● ACTIVITY
Within the listing below, the lines to output run from the one containing "10. box (168,61,272,448)" through the one containing "12. sprinkles bottle (0,320,230,461)"; copy them exactly and nothing else.
__________________________________________________
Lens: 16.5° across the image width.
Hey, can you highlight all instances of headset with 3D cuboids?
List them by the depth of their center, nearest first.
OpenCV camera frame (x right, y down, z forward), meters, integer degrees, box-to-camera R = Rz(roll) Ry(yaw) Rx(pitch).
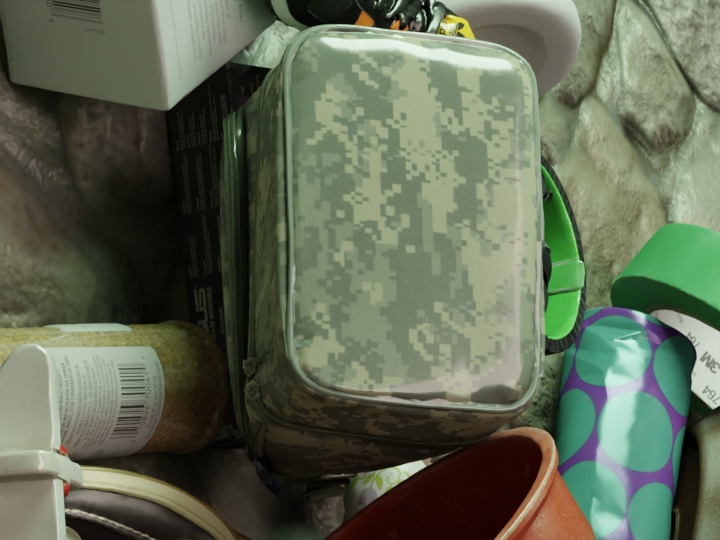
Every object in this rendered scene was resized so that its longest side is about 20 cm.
[{"bbox_3d":[0.083,-0.026,1.371,0.200,0.094,0.124,30,53,-52],"label":"headset"}]

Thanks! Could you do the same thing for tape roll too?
[{"bbox_3d":[0.248,0.056,1.543,0.048,0.200,0.200,-48,121,-14],"label":"tape roll"}]

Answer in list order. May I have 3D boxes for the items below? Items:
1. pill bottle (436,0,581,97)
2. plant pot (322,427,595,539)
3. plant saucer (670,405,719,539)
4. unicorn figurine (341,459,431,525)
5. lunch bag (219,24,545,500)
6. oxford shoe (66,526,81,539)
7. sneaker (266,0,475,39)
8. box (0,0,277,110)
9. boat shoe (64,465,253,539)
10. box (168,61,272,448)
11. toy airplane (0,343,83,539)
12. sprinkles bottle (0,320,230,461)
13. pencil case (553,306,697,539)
[{"bbox_3d":[0.050,-0.193,1.406,0.112,0.112,0.200,25,41,-45],"label":"pill bottle"},{"bbox_3d":[0.064,0.211,1.147,0.195,0.201,0.201,53,43,-10],"label":"plant pot"},{"bbox_3d":[0.202,0.169,1.506,0.037,0.200,0.201,13,63,-3],"label":"plant saucer"},{"bbox_3d":[0.012,0.164,1.298,0.137,0.074,0.200,12,76,-66],"label":"unicorn figurine"},{"bbox_3d":[0.000,0.000,1.206,0.139,0.168,0.200,3,73,-16],"label":"lunch bag"},{"bbox_3d":[-0.127,0.210,1.135,0.073,0.071,0.200,-5,94,-35],"label":"oxford shoe"},{"bbox_3d":[0.014,-0.131,1.250,0.200,0.090,0.070,66,37,-59],"label":"sneaker"},{"bbox_3d":[-0.091,-0.184,1.242,0.200,0.097,0.125,-45,138,-47],"label":"box"},{"bbox_3d":[-0.093,0.151,1.198,0.200,0.073,0.065,32,52,-42],"label":"boat shoe"},{"bbox_3d":[-0.026,-0.005,1.341,0.158,0.050,0.200,2,78,-50],"label":"box"},{"bbox_3d":[-0.212,0.089,1.017,0.199,0.141,0.200,42,70,-3],"label":"toy airplane"},{"bbox_3d":[-0.150,0.058,1.158,0.200,0.068,0.068,0,80,-51],"label":"sprinkles bottle"},{"bbox_3d":[0.151,0.125,1.495,0.092,0.085,0.200,100,2,-63],"label":"pencil case"}]
__________________________________________________
● EXERCISE RESULT
10. box (168,61,272,448)
11. toy airplane (0,343,83,539)
12. sprinkles bottle (0,320,230,461)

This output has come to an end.